» **TASK ITEM**
Here the requirement is to repeat every record exactly, in full.

(Collected data)

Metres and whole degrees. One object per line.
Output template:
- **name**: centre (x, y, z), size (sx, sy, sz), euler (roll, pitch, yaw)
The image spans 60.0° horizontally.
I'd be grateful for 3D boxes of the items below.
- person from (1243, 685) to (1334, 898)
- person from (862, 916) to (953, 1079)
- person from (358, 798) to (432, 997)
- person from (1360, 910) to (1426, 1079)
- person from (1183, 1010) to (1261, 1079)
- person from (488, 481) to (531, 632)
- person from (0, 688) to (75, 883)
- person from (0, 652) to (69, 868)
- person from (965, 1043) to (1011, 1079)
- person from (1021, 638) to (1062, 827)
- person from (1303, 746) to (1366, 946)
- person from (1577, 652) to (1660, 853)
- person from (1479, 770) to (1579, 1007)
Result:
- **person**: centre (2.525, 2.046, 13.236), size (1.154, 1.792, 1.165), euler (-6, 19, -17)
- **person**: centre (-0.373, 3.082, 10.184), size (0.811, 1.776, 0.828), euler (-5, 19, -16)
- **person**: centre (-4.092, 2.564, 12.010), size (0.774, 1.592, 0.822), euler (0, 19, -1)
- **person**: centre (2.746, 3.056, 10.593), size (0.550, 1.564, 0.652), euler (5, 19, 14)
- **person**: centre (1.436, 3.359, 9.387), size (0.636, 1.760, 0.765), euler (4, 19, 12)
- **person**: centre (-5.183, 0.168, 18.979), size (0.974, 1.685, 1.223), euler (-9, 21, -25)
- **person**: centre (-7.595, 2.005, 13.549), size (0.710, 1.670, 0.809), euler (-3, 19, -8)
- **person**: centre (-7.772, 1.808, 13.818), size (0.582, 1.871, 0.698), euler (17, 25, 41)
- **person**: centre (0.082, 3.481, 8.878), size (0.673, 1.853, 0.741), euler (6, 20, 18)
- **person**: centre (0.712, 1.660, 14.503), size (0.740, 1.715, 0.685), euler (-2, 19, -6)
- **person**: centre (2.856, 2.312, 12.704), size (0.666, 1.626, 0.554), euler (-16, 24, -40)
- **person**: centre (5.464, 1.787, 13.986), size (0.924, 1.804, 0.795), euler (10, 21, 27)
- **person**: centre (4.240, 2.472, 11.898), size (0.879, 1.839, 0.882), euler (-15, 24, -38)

» **FINAL ANSWER**
Metres and whole degrees. One object per line.
Output template:
- **name**: centre (x, y, z), size (sx, sy, sz), euler (roll, pitch, yaw)
The image spans 60.0° horizontally.
I'd be grateful for 3D boxes of the items below.
- person from (1243, 685) to (1334, 898)
- person from (862, 916) to (953, 1079)
- person from (358, 798) to (432, 997)
- person from (1360, 910) to (1426, 1079)
- person from (1183, 1010) to (1261, 1079)
- person from (488, 481) to (531, 632)
- person from (0, 688) to (75, 883)
- person from (0, 652) to (69, 868)
- person from (965, 1043) to (1011, 1079)
- person from (1021, 638) to (1062, 827)
- person from (1303, 746) to (1366, 946)
- person from (1577, 652) to (1660, 853)
- person from (1479, 770) to (1579, 1007)
Result:
- **person**: centre (2.525, 2.046, 13.236), size (1.154, 1.792, 1.165), euler (-6, 19, -17)
- **person**: centre (-0.373, 3.082, 10.184), size (0.811, 1.776, 0.828), euler (-5, 19, -16)
- **person**: centre (-4.092, 2.564, 12.010), size (0.774, 1.592, 0.822), euler (0, 19, -1)
- **person**: centre (2.746, 3.056, 10.593), size (0.550, 1.564, 0.652), euler (5, 19, 14)
- **person**: centre (1.436, 3.359, 9.387), size (0.636, 1.760, 0.765), euler (4, 19, 12)
- **person**: centre (-5.183, 0.168, 18.979), size (0.974, 1.685, 1.223), euler (-9, 21, -25)
- **person**: centre (-7.595, 2.005, 13.549), size (0.710, 1.670, 0.809), euler (-3, 19, -8)
- **person**: centre (-7.772, 1.808, 13.818), size (0.582, 1.871, 0.698), euler (17, 25, 41)
- **person**: centre (0.082, 3.481, 8.878), size (0.673, 1.853, 0.741), euler (6, 20, 18)
- **person**: centre (0.712, 1.660, 14.503), size (0.740, 1.715, 0.685), euler (-2, 19, -6)
- **person**: centre (2.856, 2.312, 12.704), size (0.666, 1.626, 0.554), euler (-16, 24, -40)
- **person**: centre (5.464, 1.787, 13.986), size (0.924, 1.804, 0.795), euler (10, 21, 27)
- **person**: centre (4.240, 2.472, 11.898), size (0.879, 1.839, 0.882), euler (-15, 24, -38)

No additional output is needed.